PROBLEM DESCRIPTION: Look below for the lines from the one with "Give a very brief answer. 7.34e+08. What" to the one with "Offer a very short reply. 7.82e+08.", and copy exactly those lines, both ends included.

INFORMATION:
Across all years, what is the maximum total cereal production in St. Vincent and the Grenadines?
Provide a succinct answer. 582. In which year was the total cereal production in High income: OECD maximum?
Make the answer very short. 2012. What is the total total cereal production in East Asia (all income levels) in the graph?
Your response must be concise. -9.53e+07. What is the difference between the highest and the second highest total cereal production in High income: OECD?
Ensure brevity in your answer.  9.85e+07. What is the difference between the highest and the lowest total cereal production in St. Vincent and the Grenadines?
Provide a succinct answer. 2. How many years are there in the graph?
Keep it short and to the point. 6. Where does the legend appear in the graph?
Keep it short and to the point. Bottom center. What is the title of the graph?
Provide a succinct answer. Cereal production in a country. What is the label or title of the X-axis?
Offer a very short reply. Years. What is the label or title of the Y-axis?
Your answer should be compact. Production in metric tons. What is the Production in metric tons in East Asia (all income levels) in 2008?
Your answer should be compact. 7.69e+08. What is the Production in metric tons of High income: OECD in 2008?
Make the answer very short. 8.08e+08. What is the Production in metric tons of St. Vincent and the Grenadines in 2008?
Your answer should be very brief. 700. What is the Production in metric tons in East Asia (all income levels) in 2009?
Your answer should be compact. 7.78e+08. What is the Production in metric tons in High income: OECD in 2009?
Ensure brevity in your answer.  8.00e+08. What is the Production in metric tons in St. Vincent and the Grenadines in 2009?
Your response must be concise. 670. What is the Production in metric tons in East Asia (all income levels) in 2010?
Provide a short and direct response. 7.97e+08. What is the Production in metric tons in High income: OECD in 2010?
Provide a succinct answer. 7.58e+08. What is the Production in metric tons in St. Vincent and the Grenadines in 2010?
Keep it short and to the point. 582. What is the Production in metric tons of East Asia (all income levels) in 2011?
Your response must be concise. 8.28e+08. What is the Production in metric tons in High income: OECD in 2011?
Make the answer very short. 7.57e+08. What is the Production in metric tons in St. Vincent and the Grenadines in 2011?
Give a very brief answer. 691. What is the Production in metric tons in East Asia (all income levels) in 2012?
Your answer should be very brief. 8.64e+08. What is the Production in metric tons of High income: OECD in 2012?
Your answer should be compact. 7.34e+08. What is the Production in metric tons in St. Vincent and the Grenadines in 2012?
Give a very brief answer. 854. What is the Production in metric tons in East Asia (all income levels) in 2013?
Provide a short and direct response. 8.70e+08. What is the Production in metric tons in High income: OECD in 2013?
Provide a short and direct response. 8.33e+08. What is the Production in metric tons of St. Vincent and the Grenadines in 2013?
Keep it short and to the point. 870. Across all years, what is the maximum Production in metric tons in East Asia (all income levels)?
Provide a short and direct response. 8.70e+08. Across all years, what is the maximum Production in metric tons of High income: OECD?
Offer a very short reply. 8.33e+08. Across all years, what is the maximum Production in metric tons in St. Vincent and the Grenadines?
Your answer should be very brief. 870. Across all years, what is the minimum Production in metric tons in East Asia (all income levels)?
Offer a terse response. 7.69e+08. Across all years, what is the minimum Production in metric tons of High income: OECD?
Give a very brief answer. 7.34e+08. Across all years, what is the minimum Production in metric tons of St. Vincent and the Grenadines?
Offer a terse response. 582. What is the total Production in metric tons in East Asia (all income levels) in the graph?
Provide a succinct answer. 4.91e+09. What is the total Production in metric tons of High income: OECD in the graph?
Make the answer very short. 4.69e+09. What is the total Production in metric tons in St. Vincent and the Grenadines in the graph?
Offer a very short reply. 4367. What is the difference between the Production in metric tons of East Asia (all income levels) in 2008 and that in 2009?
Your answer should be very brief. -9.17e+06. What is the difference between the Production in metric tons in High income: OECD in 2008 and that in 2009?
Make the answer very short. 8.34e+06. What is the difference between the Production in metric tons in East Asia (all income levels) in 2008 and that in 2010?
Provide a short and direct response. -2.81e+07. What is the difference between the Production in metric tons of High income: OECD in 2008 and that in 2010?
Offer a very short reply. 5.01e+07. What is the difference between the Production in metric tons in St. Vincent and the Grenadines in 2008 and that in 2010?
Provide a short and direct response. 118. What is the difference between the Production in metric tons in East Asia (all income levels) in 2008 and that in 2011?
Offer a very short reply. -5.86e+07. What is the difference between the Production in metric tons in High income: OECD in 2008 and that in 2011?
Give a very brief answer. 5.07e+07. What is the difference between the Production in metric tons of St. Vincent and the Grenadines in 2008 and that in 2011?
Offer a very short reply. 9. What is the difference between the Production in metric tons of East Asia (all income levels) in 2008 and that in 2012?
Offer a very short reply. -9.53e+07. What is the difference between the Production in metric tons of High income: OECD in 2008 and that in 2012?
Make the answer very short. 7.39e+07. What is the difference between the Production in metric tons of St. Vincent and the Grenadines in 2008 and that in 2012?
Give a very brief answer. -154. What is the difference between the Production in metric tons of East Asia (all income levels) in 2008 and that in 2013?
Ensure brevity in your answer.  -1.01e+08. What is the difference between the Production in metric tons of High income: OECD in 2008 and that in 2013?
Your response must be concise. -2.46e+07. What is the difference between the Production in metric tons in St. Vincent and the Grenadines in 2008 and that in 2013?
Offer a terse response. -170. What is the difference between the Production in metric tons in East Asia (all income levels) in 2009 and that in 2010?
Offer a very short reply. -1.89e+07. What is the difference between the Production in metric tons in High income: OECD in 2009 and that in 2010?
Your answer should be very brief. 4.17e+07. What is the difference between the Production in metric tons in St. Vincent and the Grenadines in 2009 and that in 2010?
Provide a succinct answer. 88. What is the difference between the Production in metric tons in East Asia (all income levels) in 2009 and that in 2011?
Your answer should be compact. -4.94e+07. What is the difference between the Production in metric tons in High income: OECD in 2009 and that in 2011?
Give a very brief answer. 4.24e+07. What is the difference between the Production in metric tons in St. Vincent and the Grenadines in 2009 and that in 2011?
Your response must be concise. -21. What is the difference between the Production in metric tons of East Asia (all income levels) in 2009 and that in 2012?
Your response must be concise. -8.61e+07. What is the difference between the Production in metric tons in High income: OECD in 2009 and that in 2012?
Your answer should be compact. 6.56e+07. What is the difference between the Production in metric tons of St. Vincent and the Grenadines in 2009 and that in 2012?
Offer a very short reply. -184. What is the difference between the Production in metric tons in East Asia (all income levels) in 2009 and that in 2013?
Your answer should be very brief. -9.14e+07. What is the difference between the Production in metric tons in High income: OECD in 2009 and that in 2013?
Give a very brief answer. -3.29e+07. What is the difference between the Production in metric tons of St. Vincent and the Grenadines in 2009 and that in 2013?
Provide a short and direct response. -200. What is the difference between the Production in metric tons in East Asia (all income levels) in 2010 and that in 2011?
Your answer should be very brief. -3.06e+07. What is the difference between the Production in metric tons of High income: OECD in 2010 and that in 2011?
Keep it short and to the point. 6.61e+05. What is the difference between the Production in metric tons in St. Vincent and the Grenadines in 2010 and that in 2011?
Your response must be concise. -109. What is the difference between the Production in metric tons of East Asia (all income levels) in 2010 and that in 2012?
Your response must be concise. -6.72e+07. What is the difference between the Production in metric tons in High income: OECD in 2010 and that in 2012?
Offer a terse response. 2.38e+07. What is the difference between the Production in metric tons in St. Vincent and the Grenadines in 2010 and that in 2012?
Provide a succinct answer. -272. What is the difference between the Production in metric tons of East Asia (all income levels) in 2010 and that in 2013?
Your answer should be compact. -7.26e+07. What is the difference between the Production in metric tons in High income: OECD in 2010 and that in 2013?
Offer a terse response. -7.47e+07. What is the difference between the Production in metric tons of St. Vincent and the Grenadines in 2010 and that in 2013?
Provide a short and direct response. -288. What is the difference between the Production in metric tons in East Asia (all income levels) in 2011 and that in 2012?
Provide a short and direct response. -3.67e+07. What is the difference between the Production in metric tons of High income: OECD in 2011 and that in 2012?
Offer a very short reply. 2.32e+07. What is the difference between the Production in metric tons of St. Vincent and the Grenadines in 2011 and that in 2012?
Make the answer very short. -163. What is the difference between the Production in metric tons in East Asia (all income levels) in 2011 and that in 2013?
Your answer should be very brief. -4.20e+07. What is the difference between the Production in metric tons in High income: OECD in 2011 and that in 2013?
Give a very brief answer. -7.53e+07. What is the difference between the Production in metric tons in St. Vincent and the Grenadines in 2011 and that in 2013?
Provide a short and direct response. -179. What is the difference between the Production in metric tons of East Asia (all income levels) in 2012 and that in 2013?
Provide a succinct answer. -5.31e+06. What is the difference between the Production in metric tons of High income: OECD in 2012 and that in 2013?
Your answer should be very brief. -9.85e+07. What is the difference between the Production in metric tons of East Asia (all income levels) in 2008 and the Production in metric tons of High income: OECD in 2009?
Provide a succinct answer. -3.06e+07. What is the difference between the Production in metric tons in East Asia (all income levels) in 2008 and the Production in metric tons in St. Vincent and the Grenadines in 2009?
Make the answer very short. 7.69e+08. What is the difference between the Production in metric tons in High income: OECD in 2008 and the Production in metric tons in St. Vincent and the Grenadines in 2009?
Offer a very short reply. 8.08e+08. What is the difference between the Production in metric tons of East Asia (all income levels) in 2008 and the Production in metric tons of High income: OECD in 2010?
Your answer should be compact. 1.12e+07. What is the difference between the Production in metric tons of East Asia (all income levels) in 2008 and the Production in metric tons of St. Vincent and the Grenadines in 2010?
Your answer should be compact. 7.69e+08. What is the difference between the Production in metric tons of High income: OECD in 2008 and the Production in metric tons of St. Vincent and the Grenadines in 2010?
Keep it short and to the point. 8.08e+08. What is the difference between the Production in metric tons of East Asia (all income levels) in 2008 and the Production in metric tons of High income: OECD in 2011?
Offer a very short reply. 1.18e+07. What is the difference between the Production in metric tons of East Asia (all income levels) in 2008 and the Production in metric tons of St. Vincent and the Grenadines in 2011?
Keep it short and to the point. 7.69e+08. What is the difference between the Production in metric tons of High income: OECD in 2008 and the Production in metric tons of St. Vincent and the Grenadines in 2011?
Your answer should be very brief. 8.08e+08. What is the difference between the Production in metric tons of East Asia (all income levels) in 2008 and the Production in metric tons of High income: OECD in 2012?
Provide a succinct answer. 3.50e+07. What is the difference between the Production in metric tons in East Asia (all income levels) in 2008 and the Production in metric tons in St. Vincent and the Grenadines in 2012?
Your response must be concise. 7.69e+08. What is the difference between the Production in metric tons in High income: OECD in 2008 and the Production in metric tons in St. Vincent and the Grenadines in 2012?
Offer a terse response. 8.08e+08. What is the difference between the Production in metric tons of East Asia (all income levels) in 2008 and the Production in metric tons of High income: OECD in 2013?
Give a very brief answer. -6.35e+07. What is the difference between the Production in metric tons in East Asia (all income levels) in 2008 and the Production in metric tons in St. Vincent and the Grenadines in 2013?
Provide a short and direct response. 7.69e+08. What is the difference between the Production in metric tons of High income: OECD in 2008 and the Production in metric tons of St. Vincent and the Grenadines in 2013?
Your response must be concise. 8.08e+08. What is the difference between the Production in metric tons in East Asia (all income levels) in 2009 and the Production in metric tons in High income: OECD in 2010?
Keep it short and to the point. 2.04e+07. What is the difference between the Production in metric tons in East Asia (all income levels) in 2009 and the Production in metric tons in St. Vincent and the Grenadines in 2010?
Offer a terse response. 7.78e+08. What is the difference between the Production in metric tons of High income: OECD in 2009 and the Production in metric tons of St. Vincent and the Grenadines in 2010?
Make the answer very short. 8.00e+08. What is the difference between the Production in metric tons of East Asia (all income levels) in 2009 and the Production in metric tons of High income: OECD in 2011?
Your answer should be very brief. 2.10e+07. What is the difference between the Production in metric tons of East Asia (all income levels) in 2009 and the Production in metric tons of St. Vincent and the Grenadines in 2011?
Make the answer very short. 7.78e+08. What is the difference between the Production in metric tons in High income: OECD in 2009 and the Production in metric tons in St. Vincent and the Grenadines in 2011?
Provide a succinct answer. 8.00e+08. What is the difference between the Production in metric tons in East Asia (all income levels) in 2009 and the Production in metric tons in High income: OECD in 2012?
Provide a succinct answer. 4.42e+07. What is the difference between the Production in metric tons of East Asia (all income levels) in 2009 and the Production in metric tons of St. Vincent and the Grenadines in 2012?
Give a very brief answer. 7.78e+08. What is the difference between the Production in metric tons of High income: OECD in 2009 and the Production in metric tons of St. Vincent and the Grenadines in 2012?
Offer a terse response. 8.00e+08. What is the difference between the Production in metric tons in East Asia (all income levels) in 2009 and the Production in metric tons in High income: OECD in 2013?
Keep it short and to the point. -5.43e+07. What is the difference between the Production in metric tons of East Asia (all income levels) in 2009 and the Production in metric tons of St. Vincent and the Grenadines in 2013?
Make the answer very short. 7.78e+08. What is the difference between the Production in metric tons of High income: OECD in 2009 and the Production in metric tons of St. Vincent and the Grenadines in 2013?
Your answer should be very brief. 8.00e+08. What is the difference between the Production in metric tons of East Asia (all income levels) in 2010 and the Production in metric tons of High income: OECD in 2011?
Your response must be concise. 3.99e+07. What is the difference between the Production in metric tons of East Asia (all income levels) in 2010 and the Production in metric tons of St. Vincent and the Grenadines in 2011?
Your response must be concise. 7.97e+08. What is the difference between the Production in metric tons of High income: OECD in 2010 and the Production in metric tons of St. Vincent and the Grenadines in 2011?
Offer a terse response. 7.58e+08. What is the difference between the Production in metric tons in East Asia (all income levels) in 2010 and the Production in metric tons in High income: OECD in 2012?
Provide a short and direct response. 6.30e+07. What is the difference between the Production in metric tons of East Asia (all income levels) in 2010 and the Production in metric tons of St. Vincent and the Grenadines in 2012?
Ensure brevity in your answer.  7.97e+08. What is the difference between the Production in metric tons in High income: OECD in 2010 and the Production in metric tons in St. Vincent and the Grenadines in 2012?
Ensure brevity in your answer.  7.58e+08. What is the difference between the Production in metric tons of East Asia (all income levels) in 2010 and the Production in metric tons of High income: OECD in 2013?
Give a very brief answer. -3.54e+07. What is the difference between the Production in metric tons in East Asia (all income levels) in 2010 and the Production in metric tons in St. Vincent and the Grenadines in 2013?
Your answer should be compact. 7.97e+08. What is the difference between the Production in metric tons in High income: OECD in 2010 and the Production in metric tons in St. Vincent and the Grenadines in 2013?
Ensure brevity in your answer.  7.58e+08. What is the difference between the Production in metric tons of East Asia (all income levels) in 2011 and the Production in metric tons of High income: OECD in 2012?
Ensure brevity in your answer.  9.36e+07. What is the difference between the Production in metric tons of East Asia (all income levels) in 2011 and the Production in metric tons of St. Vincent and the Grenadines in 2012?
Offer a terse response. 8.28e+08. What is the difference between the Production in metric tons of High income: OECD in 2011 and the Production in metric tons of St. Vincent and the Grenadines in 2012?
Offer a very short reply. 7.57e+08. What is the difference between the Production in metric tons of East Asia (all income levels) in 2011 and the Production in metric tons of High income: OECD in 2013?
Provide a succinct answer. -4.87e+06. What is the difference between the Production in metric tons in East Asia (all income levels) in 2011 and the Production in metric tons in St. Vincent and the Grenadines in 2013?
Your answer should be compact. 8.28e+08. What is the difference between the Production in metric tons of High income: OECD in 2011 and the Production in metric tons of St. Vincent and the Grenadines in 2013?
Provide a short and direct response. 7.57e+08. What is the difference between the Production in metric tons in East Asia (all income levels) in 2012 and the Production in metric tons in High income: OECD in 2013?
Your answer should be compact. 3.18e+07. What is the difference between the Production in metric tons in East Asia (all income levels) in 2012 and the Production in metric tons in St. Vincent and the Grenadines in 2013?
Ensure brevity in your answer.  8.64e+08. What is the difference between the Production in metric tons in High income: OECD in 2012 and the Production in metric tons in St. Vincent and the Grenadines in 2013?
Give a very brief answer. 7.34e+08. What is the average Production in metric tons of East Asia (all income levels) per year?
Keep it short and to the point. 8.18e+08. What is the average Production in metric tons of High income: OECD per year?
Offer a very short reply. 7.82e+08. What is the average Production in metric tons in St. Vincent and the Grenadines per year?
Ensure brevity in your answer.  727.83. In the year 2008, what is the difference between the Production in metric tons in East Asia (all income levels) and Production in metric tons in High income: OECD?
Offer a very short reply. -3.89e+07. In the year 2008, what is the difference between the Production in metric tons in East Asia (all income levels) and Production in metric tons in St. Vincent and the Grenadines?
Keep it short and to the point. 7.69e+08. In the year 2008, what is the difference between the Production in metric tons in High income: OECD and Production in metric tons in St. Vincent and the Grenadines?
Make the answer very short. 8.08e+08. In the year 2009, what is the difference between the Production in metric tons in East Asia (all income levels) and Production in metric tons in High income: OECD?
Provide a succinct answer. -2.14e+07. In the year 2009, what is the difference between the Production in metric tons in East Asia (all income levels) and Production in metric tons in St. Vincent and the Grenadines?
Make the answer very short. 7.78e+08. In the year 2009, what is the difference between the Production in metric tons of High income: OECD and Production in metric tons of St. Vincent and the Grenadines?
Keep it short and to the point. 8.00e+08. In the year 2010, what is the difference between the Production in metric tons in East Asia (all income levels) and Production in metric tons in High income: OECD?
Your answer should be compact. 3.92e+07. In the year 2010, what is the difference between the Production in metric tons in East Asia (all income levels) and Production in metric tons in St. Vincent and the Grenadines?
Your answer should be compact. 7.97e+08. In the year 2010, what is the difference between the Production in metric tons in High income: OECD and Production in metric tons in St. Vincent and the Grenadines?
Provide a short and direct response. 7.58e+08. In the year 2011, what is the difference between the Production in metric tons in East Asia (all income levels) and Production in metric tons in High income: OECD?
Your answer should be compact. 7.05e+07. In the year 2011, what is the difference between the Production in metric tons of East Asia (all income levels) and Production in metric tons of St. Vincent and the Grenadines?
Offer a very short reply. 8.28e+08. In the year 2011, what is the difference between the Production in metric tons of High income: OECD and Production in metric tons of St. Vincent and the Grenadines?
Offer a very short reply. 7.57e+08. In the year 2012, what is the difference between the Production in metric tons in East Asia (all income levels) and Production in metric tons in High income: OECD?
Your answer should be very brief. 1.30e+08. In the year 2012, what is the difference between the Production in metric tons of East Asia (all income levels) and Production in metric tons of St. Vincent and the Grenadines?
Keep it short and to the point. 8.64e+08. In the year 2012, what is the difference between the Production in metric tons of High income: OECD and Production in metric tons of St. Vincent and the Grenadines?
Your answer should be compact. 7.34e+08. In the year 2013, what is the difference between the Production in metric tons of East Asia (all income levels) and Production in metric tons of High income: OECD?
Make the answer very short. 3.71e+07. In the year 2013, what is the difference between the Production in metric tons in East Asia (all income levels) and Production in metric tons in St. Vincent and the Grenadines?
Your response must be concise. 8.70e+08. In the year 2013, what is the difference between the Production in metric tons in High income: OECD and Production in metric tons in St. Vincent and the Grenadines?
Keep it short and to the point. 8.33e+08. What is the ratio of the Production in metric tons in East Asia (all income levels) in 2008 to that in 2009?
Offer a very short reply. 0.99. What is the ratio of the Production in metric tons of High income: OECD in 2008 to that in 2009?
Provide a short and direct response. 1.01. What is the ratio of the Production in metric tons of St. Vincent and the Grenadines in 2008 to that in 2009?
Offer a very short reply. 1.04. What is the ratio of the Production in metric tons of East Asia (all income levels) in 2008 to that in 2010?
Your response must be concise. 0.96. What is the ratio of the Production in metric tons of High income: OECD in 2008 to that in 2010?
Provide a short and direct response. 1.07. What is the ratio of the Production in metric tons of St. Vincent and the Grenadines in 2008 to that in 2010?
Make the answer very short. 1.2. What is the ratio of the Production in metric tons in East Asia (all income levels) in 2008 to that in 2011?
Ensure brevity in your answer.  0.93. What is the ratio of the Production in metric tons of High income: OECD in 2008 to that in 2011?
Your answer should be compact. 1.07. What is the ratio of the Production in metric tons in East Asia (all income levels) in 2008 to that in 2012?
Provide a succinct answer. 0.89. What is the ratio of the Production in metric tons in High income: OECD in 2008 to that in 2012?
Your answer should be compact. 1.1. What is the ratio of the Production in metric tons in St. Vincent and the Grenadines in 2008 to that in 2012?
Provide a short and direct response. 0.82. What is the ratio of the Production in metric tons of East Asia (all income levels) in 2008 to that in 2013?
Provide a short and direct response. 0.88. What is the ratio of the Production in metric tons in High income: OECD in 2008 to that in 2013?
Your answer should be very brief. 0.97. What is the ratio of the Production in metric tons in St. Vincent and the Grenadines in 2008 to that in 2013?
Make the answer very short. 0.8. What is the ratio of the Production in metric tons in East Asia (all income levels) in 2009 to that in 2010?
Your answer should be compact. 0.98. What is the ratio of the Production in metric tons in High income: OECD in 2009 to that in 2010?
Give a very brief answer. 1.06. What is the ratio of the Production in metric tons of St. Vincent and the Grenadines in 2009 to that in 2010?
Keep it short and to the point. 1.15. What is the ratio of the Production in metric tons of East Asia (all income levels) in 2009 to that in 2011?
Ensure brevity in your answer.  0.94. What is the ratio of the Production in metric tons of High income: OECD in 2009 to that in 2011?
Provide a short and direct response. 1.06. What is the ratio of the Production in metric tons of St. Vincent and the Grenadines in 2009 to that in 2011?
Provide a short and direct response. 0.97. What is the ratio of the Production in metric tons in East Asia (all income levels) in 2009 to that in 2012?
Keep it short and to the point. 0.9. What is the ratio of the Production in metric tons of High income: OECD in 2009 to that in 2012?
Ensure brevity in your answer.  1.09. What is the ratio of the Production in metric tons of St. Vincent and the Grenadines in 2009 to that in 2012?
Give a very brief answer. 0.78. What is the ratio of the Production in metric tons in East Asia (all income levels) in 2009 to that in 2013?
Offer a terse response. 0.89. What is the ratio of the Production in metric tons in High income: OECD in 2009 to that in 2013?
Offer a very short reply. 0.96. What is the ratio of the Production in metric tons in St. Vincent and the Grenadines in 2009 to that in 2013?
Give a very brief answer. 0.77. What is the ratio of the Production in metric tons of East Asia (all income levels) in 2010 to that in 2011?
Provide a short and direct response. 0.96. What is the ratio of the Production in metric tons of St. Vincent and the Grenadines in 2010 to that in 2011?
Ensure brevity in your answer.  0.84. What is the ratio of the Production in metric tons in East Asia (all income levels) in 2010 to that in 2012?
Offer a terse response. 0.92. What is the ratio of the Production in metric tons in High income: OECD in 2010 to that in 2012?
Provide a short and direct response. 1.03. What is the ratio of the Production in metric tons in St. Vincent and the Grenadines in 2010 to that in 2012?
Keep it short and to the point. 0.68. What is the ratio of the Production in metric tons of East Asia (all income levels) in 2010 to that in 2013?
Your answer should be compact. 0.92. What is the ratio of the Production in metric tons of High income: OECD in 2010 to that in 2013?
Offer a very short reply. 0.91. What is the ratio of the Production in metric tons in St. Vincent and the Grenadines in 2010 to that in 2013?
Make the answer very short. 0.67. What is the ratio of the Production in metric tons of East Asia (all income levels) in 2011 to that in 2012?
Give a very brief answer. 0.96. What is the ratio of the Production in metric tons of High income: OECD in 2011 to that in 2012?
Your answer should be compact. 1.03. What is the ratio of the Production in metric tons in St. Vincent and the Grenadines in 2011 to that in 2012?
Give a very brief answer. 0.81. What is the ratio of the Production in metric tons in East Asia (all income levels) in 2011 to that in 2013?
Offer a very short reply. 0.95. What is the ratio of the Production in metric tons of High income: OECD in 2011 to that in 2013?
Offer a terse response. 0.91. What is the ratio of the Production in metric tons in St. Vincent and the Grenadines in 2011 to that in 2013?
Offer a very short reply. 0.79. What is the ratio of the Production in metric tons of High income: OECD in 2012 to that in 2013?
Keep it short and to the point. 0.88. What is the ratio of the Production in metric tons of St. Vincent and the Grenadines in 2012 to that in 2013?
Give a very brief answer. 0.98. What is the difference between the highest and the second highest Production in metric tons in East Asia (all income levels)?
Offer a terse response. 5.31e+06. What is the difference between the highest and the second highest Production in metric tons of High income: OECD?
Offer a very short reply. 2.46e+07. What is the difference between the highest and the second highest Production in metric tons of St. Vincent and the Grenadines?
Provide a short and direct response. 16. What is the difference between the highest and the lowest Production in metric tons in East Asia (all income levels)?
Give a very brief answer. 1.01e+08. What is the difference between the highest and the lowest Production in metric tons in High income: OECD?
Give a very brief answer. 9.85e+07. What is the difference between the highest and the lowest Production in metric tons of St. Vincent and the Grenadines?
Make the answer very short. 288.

YOUR SOLUTION:
Give a very brief answer. 7.34e+08. What is the average Production in metric tons of East Asia (all income levels) per year?
Keep it short and to the point. 8.18e+08. What is the average Production in metric tons of High income: OECD per year?
Offer a very short reply. 7.82e+08. What is the average Production in metric tons in St. Vincent and the Grenadines per year?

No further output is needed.